The priors are trivial: There are sixty total points, forty are green while twenty are red. Thus $$P(class=green)=\frac{40}{60} = 2/3 \text{ and } P(class=red)=\frac{20}{60}=1/3$$
Next, we have to compute the conditional probabilities of each feature-value given a class. Here, there are two features: $feature_1$ and $feature_2$, each of which takes one of two values (A or B for one, X or Y for the other). We therefore need to know the following:
- $P(feature_1=A|class=red)$
- $P(feature_1=B|class=red)$
- $P(feature_1=A|class=green)$
- $P(feature_1=B|class=green)$
- $P(feature_2=X|class=red)$
- $P(feature_2=Y|class=red)$
- $P(feature_2=X|class=green)$
- $P(feature_2=Y|class=green)$
- (in case it's not obvious, this is all possible pairs of feature-value and class)

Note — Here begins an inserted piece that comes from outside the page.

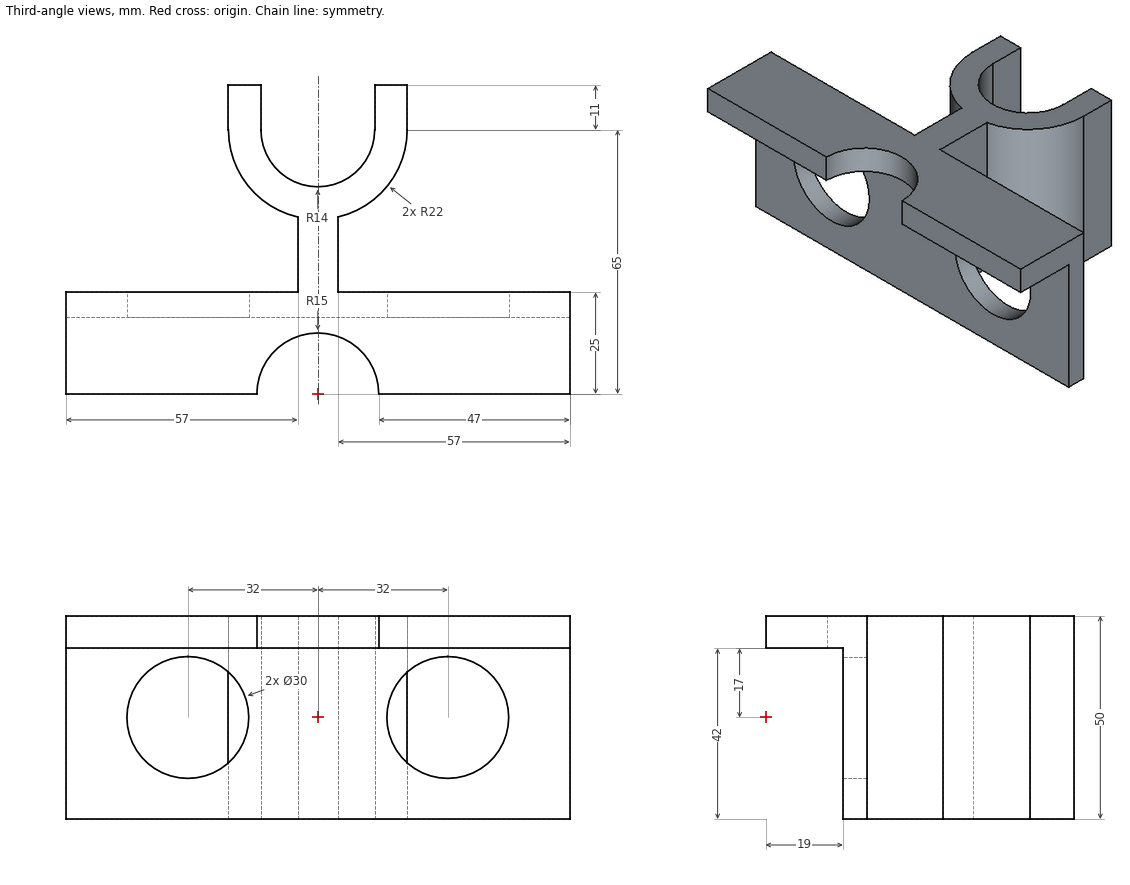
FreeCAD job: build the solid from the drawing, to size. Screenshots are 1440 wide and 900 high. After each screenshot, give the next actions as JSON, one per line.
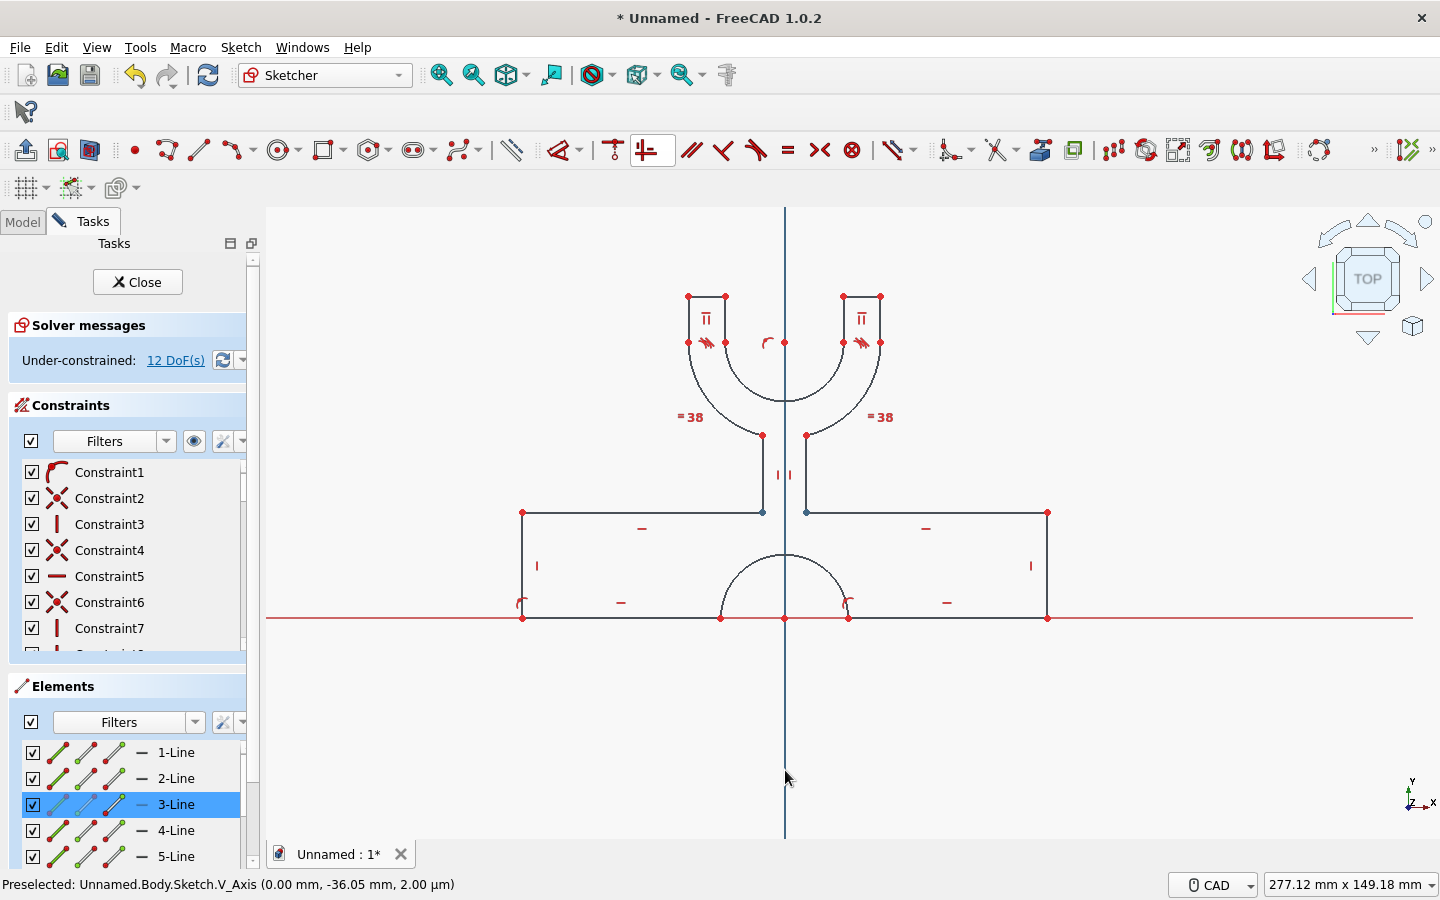
{"action": "left_click", "coordinate": [820, 150]}
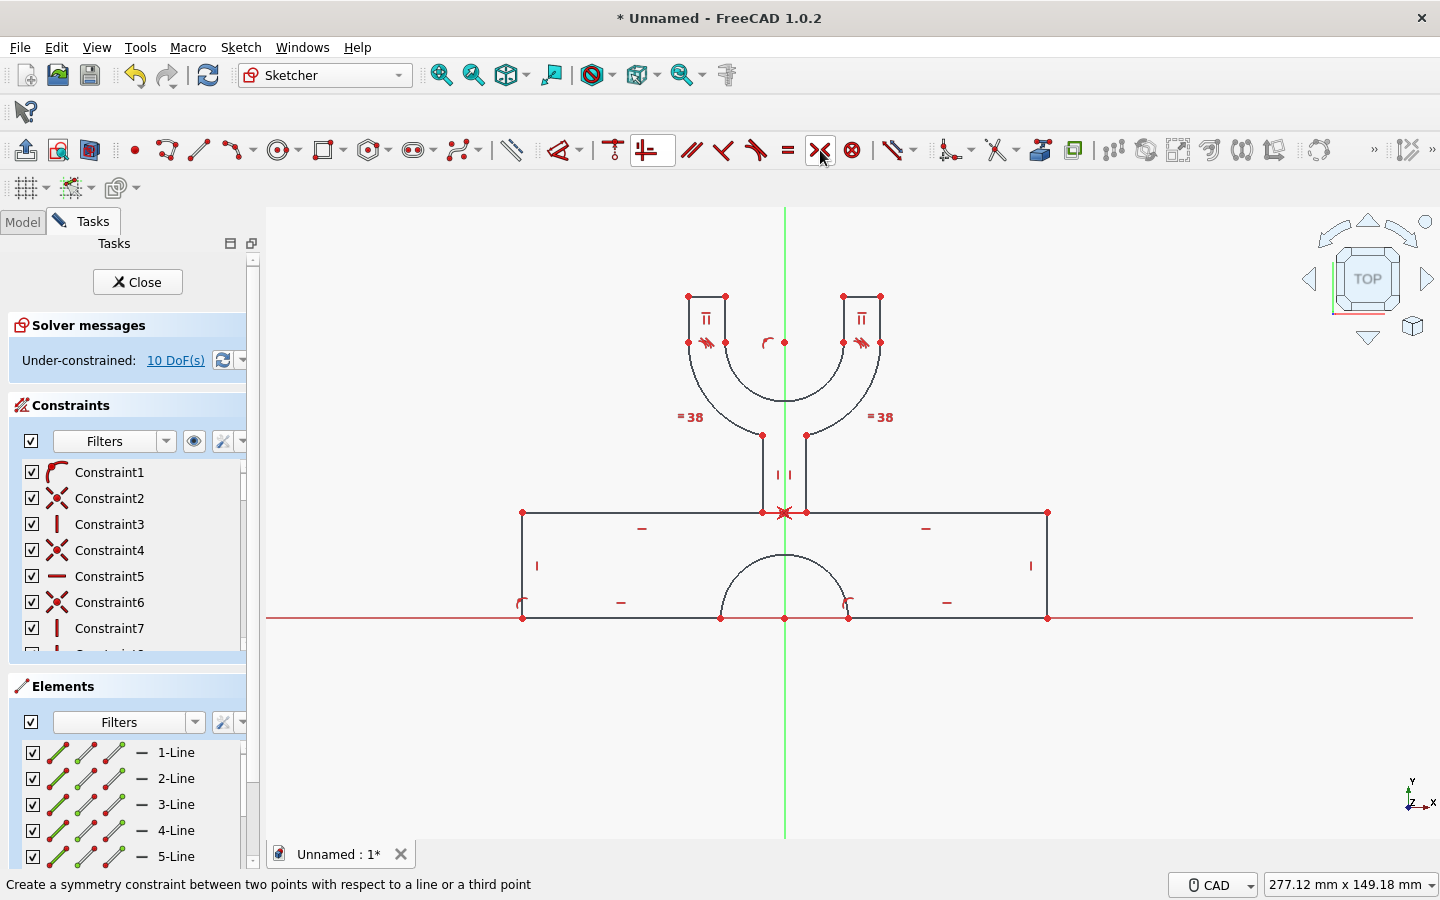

These are easy to compute by counting and dividing too. For example, for $P(feature_1=A|class=red)$, we look only at the red points and count how many of them are in the 'A' region for $feature_1$. There are twenty red points, all of which are in the 'A' region, so $P(feature_1=A|class=red)=20/20=1$. None of the red points are in the B region, so $P(feature_1|class=red)=0/20=0$. Next, we do the same, but consider only the green points. This gives us $P(feature_1=A|class=green)=5/40=1/8$ and $P(feature_1=B|class=green)=35/40=7/8$. We repeat that process for $feature_2$, to round out the probability table. Assuming I've counted correctly, we get
- $P(feature_1=A|class=red)=1$
- $P(feature_1=B|class=red)=0$
- $P(feature_1=A|class=green)=1/8$
- $P(feature_1=B|class=green)=7/8$
- $P(feature_2=X|class=red)=3/10$
- $P(feature_2=Y|class=red)=7/10$
- $P(feature_2=X|class=green)=8/10$
- $P(feature_2=Y|class=green)=2/10$
Those ten probabilities (the two priors plus the eight conditionals) are our model
Classifying a New Example
Let's classify the white point from your example. It's in the "A" region for $feature_1$ and the "Y" region for $feature_2$. We want to find the probability that it's in each class. Let's start with red. Using the formula above, we know that:
$$P(class=red|example) \propto P(class=red) \cdot P(feature_1=A|class=red) \cdot P(feature_2=Y|class=red)$$
Subbing in the probabilities from the table, we get
$$P(class=red|example) \propto \frac{1}{3} \cdot 1 \cdot \frac{7}{10} = \frac{7}{30}$$
We then do the same for green:
$$P(class=green|example) \propto P(class=green) \cdot P(feature_1=A|class=green) \cdot P(feature_2=Y|class=green) $$
Subbing in those values gets us 0 ($2/3 \cdot 0 \cdot 2/10$). Finally, we look to see which class gave us the highest probability. In this case, it's clearly the red class, so that's where we assign the point.
Notes
In your original example, the features are continuous. In that case, you need to find some way of assigning P(feature=value|class) for each class. You might consider fitting then to a known probability distribution (e.g., a Gaussian). During training, you would find the mean and variance for each class along each feature dimension. To classify a point, you'd find $P(feature=value|class)$ by plugging in the appropriate mean and variance for each class. Other distributions might be more appropriate, depending on the particulars of your data, but a Gaussian would be a decent starting point.
I'm not too familiar with the DARPA data set, but you'd do essentially the same thing. You'll probably end up computing something like P(attack=TRUE|service=finger), P(attack=false|service=finger), P(attack=TRUE|service=ftp), etc. and then combine them in the same way as the example. As a side note, part of the trick here is to come up with good features. Source IP , for example, is probably going to be hopelessly sparse--you'll probably only have one or two examples for a given IP. You might do much better if you geolocated the IP and use "Source_in_same_building_as_dest (true/false)" or something as a feature instead.
I hope that helps more. If anything needs clarification, I'd be happy to try again!
Best Answer
The iris data has three sets of fifty of each class. Without doing any analysis, it should be obvious that a randomly-selected example from the iris data has a one-third chance of belonging to those classes. This is what a priori means.